6. Audio Playback with AudioContext

• ensureAudioInitialized(): This function initializes the AudioContext when the first audio chunk is received. This is done lazily to comply with browser autoplay policies. It sets a sample rate of 24000.
  • Lazy Initialization: The AudioContext is only created when the first audio chunk is received. This is because some browsers restrict audio playback unless it's initiated by a user action.
  • Sample Rate: The sample rate is set to 24000 Hz, which is a common sample rate for speech audio.
• playAudioChunk(): This function adds an audio chunk to a queue (audioQueue) and initiates audio playback if it's not already playing.
• processAudioQueue(): This function is responsible for processing and playing audio chunks from the queue.
  • Chunk Handling: It retrieves an audio chunk from the queue.
  • Base64 Decoding: The base64-encoded audio chunk is decoded to an ArrayBuffer using base64ToArrayBuffer().
  • PCM to Float32 Conversion: The raw PCM16LE (16-bit little-endian Pulse Code Modulation) audio data is converted to Float32 format using convertPCM16LEToFloat32(). This is necessary because AudioContext works with floating-point audio data.
  • Creating an AudioBuffer: An AudioBuffer is created with a single channel, the appropriate length, and a sample rate of 24000 Hz. The Float32 audio data is then copied into the AudioBuffer.
  • Creating an AudioBufferSourceNode: An AudioBufferSourceNode is created, which acts as a source for the audio data. The AudioBuffer is assigned to the source node.
  • Connecting to Destination: The source node is connected to the AudioContext's destination (the speakers).
  • Starting Playback: source.start(0) starts the playback of the audio chunk immediately.
  • onended Event: A promise is used with the onended event of the source node to ensure that the next chunk in the queue is only played after the current chunk has finished playing. This is crucial for maintaining the correct order and avoiding overlapping audio.

7. Helper Functions

• base64ToArrayBuffer(): Converts a base64-encoded string to an ArrayBuffer.
• convertPCM16LEToFloat32(): Converts PCM16LE audio data to Float32 format.
• logMessage(): Appends a message to the output div on the HTML page.

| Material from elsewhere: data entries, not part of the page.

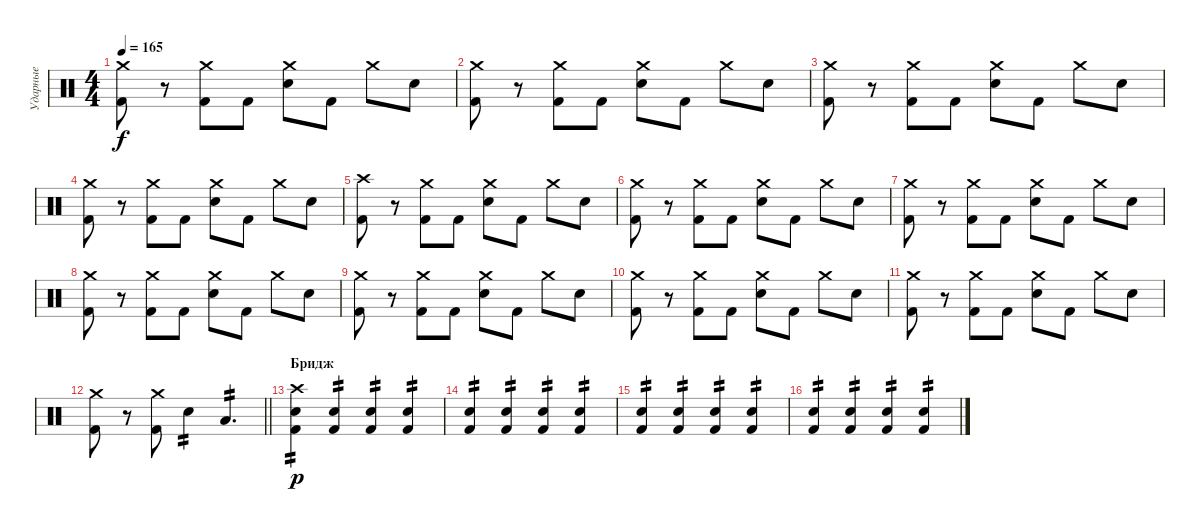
\track ("Ударные" "Ударные") {instrument percussion}
\staff {score}
\articulation defaults
\ts (4 4)
\tempo 165
\clef neutral
\ks c
("Crash medium (hit)" "Kick (hit) 2").8{dy f} r.8 ("Crash medium (hit)" "Kick (hit) 2").8 "Kick (hit) 2".8 ("Crash medium (hit)" "Electric Snare (hit)").8 "Kick (hit) 2".8 "Crash medium (hit)".8 "Electric Snare (hit)".8 |
("Crash medium (hit)" "Kick (hit) 2").8 r.8 ("Crash medium (hit)" "Kick (hit) 2").8 "Kick (hit) 2".8 ("Crash medium (hit)" "Electric Snare (hit)").8 "Kick (hit) 2".8 "Crash medium (hit)".8 "Electric Snare (hit)".8 |
("Crash medium (hit)" "Kick (hit) 2").8 r.8 ("Crash medium (hit)" "Kick (hit) 2").8 "Kick (hit) 2".8 ("Crash medium (hit)" "Electric Snare (hit)").8 "Kick (hit) 2".8 "Crash medium (hit)".8 "Electric Snare (hit)".8 |
("Crash medium (hit)" "Kick (hit) 2").8 r.8 ("Crash medium (hit)" "Kick (hit) 2").8 "Kick (hit) 2".8 ("Crash medium (hit)" "Electric Snare (hit)").8 "Kick (hit) 2".8 "Crash medium (hit)".8 "Electric Snare (hit)".8 |
("Crash high (hit)" "Kick (hit) 2").8 r.8 ("Crash medium (hit)" "Kick (hit) 2").8 "Kick (hit) 2".8 ("Crash medium (hit)" "Electric Snare (hit)").8 "Kick (hit) 2".8 "Crash medium (hit)".8 "Electric Snare (hit)".8 |
("Crash medium (hit)" "Kick (hit) 2").8 r.8 ("Crash medium (hit)" "Kick (hit) 2").8 "Kick (hit) 2".8 ("Crash medium (hit)" "Electric Snare (hit)").8 "Kick (hit) 2".8 "Crash medium (hit)".8 "Electric Snare (hit)".8 |
("Crash medium (hit)" "Kick (hit) 2").8 r.8 ("Crash medium (hit)" "Kick (hit) 2").8 "Kick (hit) 2".8 ("Crash medium (hit)" "Electric Snare (hit)").8 "Kick (hit) 2".8 "Crash medium (hit)".8 "Electric Snare (hit)".8 |
("Crash medium (hit)" "Kick (hit) 2").8 r.8 ("Crash medium (hit)" "Kick (hit) 2").8 "Kick (hit) 2".8 ("Crash medium (hit)" "Electric Snare (hit)").8 "Kick (hit) 2".8 "Crash medium (hit)".8 "Electric Snare (hit)".8 |
("Crash medium (hit)" "Kick (hit) 2").8 r.8 ("Crash medium (hit)" "Kick (hit) 2").8 "Kick (hit) 2".8 ("Crash medium (hit)" "Electric Snare (hit)").8 "Kick (hit) 2".8 "Crash medium (hit)".8 "Electric Snare (hit)".8 |
("Crash medium (hit)" "Kick (hit) 2").8 r.8 ("Crash medium (hit)" "Kick (hit) 2").8 "Kick (hit) 2".8 ("Crash medium (hit)" "Electric Snare (hit)").8 "Kick (hit) 2".8 "Crash medium (hit)".8 "Electric Snare (hit)".8 |
("Crash medium (hit)" "Kick (hit) 2").8 r.8 ("Crash medium (hit)" "Kick (hit) 2").8 "Kick (hit) 2".8 ("Crash medium (hit)" "Electric Snare (hit)").8 "Kick (hit) 2".8 "Crash medium (hit)".8 "Electric Snare (hit)".8 |
\barLineRight lightlight
("Crash medium (hit)" "Kick (hit) 2").8 r.8 ("Crash medium (hit)" "Kick (hit) 2").8 "Electric Snare (hit)".4{tp 2} "Low Tom (hit)".4{d tp 2} |
\section ("" "Бридж")
("Crash high (hit)" "Electric Snare (hit)" "Kick (hit) 2").4{tp 2 dy p} ("Electric Snare (hit)" "Kick (hit) 2").4{tp 2} ("Electric Snare (hit)" "Kick (hit) 2").4{tp 2} ("Electric Snare (hit)" "Kick (hit) 2").4{tp 2} |
("Electric Snare (hit)" "Kick (hit) 2").4{tp 2} ("Electric Snare (hit)" "Kick (hit) 2").4{tp 2} ("Electric Snare (hit)" "Kick (hit) 2").4{tp 2} ("Electric Snare (hit)" "Kick (hit) 2").4{tp 2} |
("Electric Snare (hit)" "Kick (hit) 2").4{tp 2} ("Electric Snare (hit)" "Kick (hit) 2").4{tp 2} ("Electric Snare (hit)" "Kick (hit) 2").4{tp 2} ("Electric Snare (hit)" "Kick (hit) 2").4{tp 2} |
("Electric Snare (hit)" "Kick (hit) 2").4{tp 2} ("Electric Snare (hit)" "Kick (hit) 2").4{tp 2} ("Electric Snare (hit)" "Kick (hit) 2").4{tp 2} ("Electric Snare (hit)" "Kick (hit) 2").4{tp 2}

8. Error Handling and Connection Closure

• onerror Handler: Logs WebSocket errors to the console and displays an error message on the page.
• onclose Handler: Logs information about the connection closure.

Summary

This example demonstrates a basic text-to-speech application using the Gemini API with WebSockets. It showcases:

• Establishing a WebSocket connection and sending a setup message.
• Handling user input and sending text messages to the API.
• Receiving audio responses in base64-encoded chunks.
• Decoding and converting audio data to a format suitable for playback.
• Using AudioContext to play the audio in the browser sequentially, one chunk after the other.
• Implementing basic error handling and connection closure.

This example provides a starting point for building more sophisticated applications that can generate audio responses from the Gemini model and play them back in real time, all within the browser environment using low-level WebSockets and AudioContext for audio management.